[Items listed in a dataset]
★ ★ ★ ★ ★

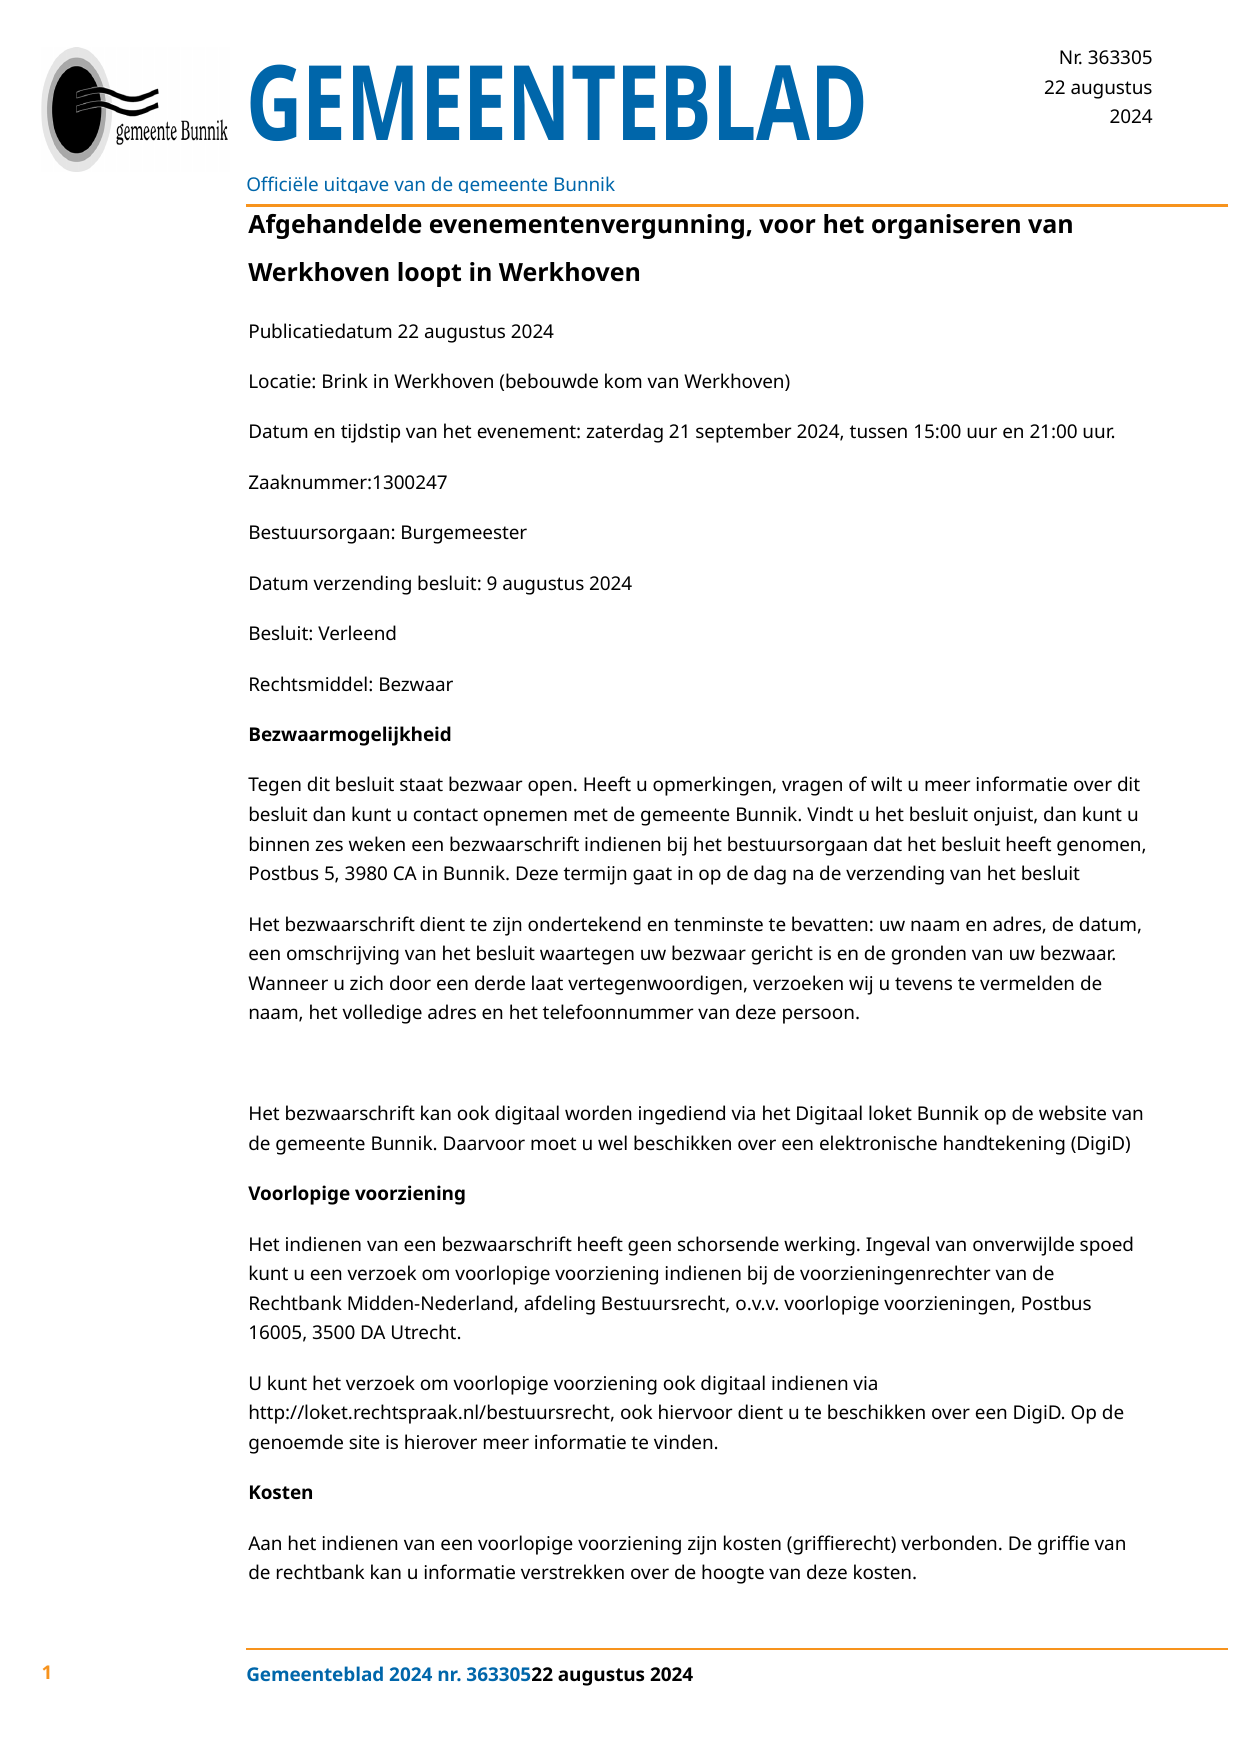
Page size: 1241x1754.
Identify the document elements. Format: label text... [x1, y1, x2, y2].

text Afgehandelde evenementenvergunning, voor het organiseren van Werkhoven loopt in Werkhoven [248, 207, 1152, 288]
text Zaaknummer:1300247 [248, 469, 1152, 495]
text Besluit: Verleend [248, 620, 1152, 646]
text Locatie: Brink in Werkhoven (bebouwde kom van Werkhoven) [248, 368, 1152, 394]
text Bezwaarmogelijkheid [248, 721, 1152, 747]
text U kunt het verzoek om voorlopige voorziening ook digitaal indienen via http://loket.rechtspraak.nl/bestuursrecht, ook hiervoor dient u te beschikken over een DigiD. Op de genoemde site is hierover meer informatie te vinden. [248, 1370, 1152, 1455]
picture [41, 47, 231, 172]
text Bestuursorgaan: Burgemeester [248, 519, 1152, 545]
text Kosten [248, 1479, 1152, 1505]
text Aan het indienen van een voorlopige voorziening zijn kosten (griffierecht) verbonden. De griffie van de rechtbank kan u informatie verstrekken over de hoogte van deze kosten. [248, 1530, 1152, 1585]
text Rechtsmiddel: Bezwaar [248, 671, 1152, 697]
text Voorlopige voorziening [248, 1180, 1152, 1206]
text Het bezwaarschrift dient te zijn ondertekend en tenminste te bevatten: uw naam en adres, de datum, een omschrijving van het besluit waartegen uw bezwaar gericht is en de gronden van uw bezwaar. Wanneer u zich door een derde laat vertegenwoordigen, verzoeken wij u tevens te vermelden de naam, het volledige adres en het telefoonnummer van deze persoon. [248, 911, 1152, 1025]
text Het indienen van een bezwaarschrift heeft geen schorsende werking. Ingeval van onverwijlde spoed kunt u een verzoek om voorlopige voorziening indienen bij de voorzieningenrechter van de Rechtbank Midden-Nederland, afdeling Bestuursrecht, o.v.v. voorlopige voorzieningen, Postbus 16005, 3500 DA Utrecht. [248, 1231, 1152, 1345]
text Tegen dit besluit staat bezwaar open. Heeft u opmerkingen, vragen of wilt u meer informatie over dit besluit dan kunt u contact opnemen met de gemeente Bunnik. Vindt u het besluit onjuist, dan kunt u binnen zes weken een bezwaarschrift indienen bij het bestuursorgaan dat het besluit heeft genomen, Postbus 5, 3980 CA in Bunnik. Deze termijn gaat in op de dag na de verzending van het besluit [248, 772, 1152, 886]
text Datum verzending besluit: 9 augustus 2024 [248, 570, 1152, 596]
text Publicatiedatum 22 augustus 2024 [248, 318, 1152, 344]
text Datum en tijdstip van het evenement: zaterdag 21 september 2024, tussen 15:00 uur en 21:00 uur. [248, 419, 1152, 444]
text Het bezwaarschrift kan ook digitaal worden ingediend via het Digitaal loket Bunnik op de website van de gemeente Bunnik. Daarvoor moet u wel beschikken over een elektronische handtekening (DigiD) [248, 1100, 1152, 1156]

★ ★ ★ ★ ★

Assignment
Word for word, restate the lines of the data above that fall between the line holding "text Voorlopige voorziening" and the line holding "text Het indienen", inclusive, and no other lines.

Written solution
text Voorlopige voorziening [248, 1180, 1152, 1206]
text Het bezwaarschrift dient te zijn ondertekend en tenminste te bevatten: uw naam en adres, de datum, een omschrijving van het besluit waartegen uw bezwaar gericht is en de gronden van uw bezwaar. Wanneer u zich door een derde laat vertegenwoordigen, verzoeken wij u tevens te vermelden de naam, het volledige adres en het telefoonnummer van deze persoon. [248, 911, 1152, 1025]
text Het indienen van een bezwaarschrift heeft geen schorsende werking. Ingeval van onverwijlde spoed kunt u een verzoek om voorlopige voorziening indienen bij de voorzieningenrechter van de Rechtbank Midden-Nederland, afdeling Bestuursrecht, o.v.v. voorlopige voorzieningen, Postbus 16005, 3500 DA Utrecht. [248, 1231, 1152, 1345]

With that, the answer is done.